### HOW TO COMPLETE THIS TASK
Among the lines below, copy exactly those from the one with "list HPMax: 182 [162, 1150, 1122, 1179]" through the one with "list Stats: STR 17", counting both ends.
THE DATA: Begin
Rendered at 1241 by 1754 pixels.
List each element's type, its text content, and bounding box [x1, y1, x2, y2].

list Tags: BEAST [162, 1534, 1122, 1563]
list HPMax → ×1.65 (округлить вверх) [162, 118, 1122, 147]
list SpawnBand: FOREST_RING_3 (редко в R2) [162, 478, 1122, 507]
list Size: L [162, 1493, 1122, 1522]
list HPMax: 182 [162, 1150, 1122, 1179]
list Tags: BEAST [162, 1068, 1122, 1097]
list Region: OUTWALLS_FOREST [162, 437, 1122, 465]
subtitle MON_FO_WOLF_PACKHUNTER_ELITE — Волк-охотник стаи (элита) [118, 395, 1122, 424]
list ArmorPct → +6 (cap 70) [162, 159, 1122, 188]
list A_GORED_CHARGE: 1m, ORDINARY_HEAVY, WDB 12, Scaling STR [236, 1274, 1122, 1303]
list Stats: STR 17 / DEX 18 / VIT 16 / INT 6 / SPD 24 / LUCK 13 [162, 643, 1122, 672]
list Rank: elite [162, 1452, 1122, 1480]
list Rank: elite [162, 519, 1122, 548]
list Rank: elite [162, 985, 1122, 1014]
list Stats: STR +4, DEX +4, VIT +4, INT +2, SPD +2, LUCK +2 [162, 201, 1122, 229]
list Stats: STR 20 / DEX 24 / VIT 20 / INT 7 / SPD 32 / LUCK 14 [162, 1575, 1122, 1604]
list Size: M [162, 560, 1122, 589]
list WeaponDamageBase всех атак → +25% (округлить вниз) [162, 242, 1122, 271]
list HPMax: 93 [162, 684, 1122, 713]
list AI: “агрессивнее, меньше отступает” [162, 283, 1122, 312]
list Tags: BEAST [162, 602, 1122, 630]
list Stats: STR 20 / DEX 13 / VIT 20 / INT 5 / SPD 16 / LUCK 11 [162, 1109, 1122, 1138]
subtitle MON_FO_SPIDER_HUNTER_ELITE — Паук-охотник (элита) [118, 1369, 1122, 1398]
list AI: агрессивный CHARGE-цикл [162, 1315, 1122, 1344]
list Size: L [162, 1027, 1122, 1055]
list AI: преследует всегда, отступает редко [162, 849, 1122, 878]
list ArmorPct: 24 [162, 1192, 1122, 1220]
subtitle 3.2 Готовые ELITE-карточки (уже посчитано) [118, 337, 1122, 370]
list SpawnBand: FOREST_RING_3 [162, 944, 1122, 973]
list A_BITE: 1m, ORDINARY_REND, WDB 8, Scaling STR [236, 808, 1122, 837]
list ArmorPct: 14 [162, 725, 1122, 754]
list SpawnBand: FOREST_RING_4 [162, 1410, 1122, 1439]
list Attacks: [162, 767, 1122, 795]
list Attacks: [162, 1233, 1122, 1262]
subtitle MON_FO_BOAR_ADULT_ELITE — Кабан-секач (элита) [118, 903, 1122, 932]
THE DATA: End
### SOLUTION TO THE PROBLEM
list HPMax: 182 [162, 1150, 1122, 1179]
list Tags: BEAST [162, 1068, 1122, 1097]
list Region: OUTWALLS_FOREST [162, 437, 1122, 465]
subtitle MON_FO_WOLF_PACKHUNTER_ELITE — Волк-охотник стаи (элита) [118, 395, 1122, 424]
list ArmorPct → +6 (cap 70) [162, 159, 1122, 188]
list A_GORED_CHARGE: 1m, ORDINARY_HEAVY, WDB 12, Scaling STR [236, 1274, 1122, 1303]
list Stats: STR 17 / DEX 18 / VIT 16 / INT 6 / SPD 24 / LUCK 13 [162, 643, 1122, 672]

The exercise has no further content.